Slack’s warning comes after Chinese hackers have stepped up their attacks against suppliers of cloud-based technologies over the past year, as part of efforts of breaching companies through the online tools they use. At least nine cloud providers are believed to have been hacked so far, such as IBM, HPE, and Visma.
With Slack being everyone’s favorite team chat and collaboration tool, the company is expecting to be at the top of most hacker groups’ target lists, and for good reasons, if we take into account the wealth of sensitive information its servers may store.
Cyber-security is hard
“Despite significant efforts to create security barriers to such threats, it is virtually impossible for us to entirely mitigate these risks, especially where they are attributable to the behavior of independent third parties beyond our control,” the company said in its SEC filings.
“The security measures we have implemented or integrated into Slack and our internal systems and networks (including measures to audit third-party and custom applications), which are designed to detect unauthorized activity and prevent or minimize security breaches, may not function as expected or may not be sufficient to protect Slack and our internal systems and networks against certain attacks.”

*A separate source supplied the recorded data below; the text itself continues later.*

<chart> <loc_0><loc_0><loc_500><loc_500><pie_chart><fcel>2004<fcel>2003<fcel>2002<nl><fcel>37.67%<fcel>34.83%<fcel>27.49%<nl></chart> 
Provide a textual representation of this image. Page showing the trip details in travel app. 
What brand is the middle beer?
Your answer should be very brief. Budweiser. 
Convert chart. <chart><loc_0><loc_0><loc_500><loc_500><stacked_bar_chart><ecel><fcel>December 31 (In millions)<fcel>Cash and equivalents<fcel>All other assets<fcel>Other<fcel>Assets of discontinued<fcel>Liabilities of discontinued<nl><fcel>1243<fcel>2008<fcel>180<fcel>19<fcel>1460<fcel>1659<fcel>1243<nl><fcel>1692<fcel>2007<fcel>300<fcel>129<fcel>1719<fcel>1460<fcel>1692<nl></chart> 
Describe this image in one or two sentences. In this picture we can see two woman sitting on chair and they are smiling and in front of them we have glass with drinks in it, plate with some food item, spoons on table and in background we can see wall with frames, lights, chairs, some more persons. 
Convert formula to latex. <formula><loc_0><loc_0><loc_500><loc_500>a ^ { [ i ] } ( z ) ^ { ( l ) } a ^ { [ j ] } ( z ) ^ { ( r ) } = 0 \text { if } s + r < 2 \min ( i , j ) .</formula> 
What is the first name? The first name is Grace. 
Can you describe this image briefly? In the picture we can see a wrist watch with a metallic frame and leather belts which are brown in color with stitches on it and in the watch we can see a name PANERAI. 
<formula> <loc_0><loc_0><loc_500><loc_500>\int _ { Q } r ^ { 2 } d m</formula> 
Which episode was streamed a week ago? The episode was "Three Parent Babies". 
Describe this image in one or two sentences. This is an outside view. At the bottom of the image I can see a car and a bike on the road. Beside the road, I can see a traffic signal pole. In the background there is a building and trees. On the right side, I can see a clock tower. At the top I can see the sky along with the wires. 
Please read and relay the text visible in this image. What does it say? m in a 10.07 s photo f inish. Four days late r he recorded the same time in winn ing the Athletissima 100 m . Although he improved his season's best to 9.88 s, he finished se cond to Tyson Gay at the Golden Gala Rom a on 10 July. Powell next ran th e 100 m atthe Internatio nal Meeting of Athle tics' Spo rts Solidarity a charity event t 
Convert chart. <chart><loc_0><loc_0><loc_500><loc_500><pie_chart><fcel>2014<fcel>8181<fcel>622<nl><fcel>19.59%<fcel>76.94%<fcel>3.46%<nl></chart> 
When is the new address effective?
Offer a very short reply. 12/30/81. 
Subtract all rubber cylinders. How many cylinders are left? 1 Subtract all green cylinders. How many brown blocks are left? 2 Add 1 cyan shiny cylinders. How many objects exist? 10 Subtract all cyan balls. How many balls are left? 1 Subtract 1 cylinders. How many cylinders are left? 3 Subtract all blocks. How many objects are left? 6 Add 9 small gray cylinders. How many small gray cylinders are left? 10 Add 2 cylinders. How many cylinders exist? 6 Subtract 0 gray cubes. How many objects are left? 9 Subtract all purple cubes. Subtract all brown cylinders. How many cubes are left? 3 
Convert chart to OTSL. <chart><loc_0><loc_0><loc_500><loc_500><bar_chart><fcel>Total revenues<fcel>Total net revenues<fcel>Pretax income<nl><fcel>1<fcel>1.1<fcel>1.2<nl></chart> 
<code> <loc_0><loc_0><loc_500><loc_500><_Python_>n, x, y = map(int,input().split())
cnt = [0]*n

Through this message included in its filing documents, Slack is sending a clear message to investors that cyber-attacks are very likely to occur at one time or another in the company’s future, and that investors should be prepared to take a financial hit when this happens.
Slack filed documents today to go public via a direct listing, a procedure where existing shareholders sell shares to new investors on the stock market, rather than an initial public offering, where new shares are created for investors.